The CROSS study represents a milestone in the treatment of esophageal cancer and established nCRT as the standard treatment for locally advanced esophageal cancer. The NEOCRTE5010 clinical trial focused on Chinese ESCC patients (4), and showed that preoperative nCRT contributed to tumor downstaging, increased the R0 resection rate, and improved patient prognosis. However, tissue fibrosis caused by concurrent chemoradiotherapy and other side effects could affect perioperative safety, intraoperative dissection and separation, and the blood supply to the esophagogastric anastomosis. This effect may mask or reduce the survival benefits derived from nCRT. Thus, more scholars have begun to explore the use of immunotherapy in the neoadjuvant field of esophageal cancer.
PD-1/PD-L1 inhibitors restore the antitumor activity of T cells by blocking the signaling pathway between PD-1 and PD-L1 (13), and are gradually being used at various stages of tumor progression. The KEYNOTE-181 study compared pembrolizumab monotherapy with chemotherapy in locally advanced or metastatic esophageal cancer (14), and the results showed that pembrolizumab monotherapy significantly improved OS compared to chemotherapy [P=0.004, hazard ratio (HR) =0.64, 95% confidence interval (CI): 0.46–0.90], which established immunotherapy as a second-line treatment in advanced esophageal cancer.

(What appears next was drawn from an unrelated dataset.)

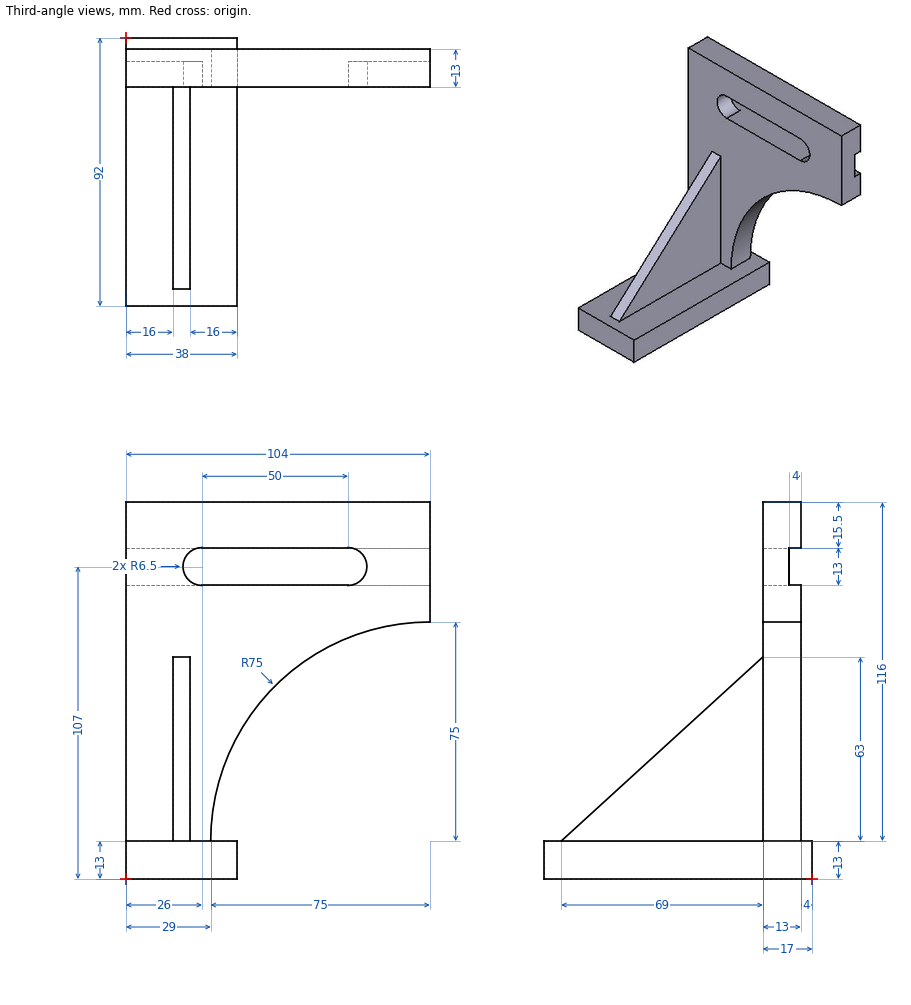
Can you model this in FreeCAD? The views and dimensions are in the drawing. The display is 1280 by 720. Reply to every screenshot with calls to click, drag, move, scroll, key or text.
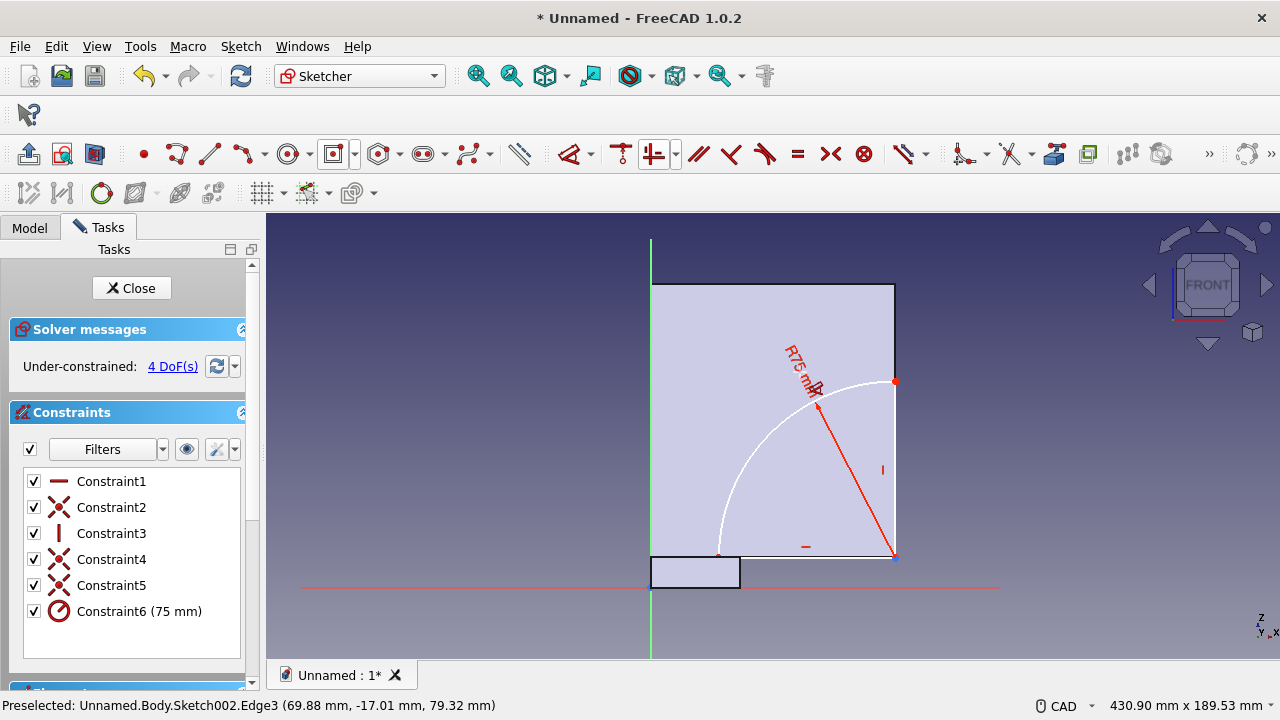
click(772, 558)
click(807, 524)

The KEYNOTE-590 study enrolled patients with locally advanced, unresectable, or metastatic esophageal cancer (including adenocarcinoma, squamous cell carcinoma, and Siewert type I adenocarcinoma of the esophagogastric junction) (10), and the results showed that pembrolizumab combined with cisplatin and 5-fluorouracil (the CF regimen) improved PFS compared to chemotherapy (P<0.001, HR =0.65, 95% CI: 0.54–0.70) and significantly reduced the risk of disease progression and death. Thus, pembrolizumab was approved by the FDA in March 2021 for the first-line treatment of locally advanced or metastatic esophageal cancer.

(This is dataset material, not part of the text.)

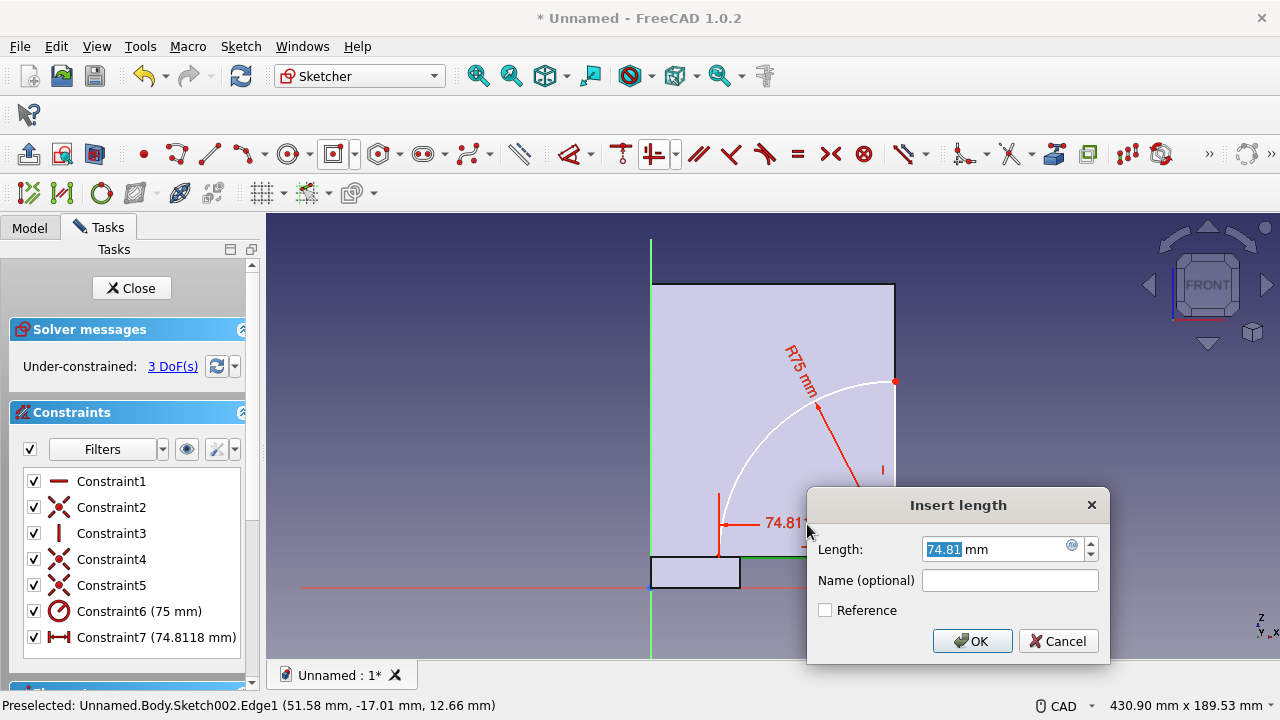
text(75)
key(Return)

In addition, given the recent clinical benefits of paclitaxel in head and neck squamous cell carcinoma and ESCC populations, it has been conjectured that paclitaxel sensitizes tumor cells to T cells, disturbs immunosuppressive mechanisms, and has a strong synergistic effect with PD-1/PD-L1 inhibitors. Thus, in 2 prospective, single-arm, phase-II clinical trials, TD-NICE (15) and KEYSTONE-001 (9), researchers used PD-1 inhibitors in combination with paclitaxel and platinum in patients with resectable locally advanced ESCC. The results showed that the R0 resection rates were 97.2% and 100%, the MPR rates were 72% and 72.4%, and the pCR rates were 50% and 41.1%, respectively. These 2 small prospective studies showed the potential benefit of the application of PD-1 inhibitors and paclitaxel in the treatment of locally advanced ESCC.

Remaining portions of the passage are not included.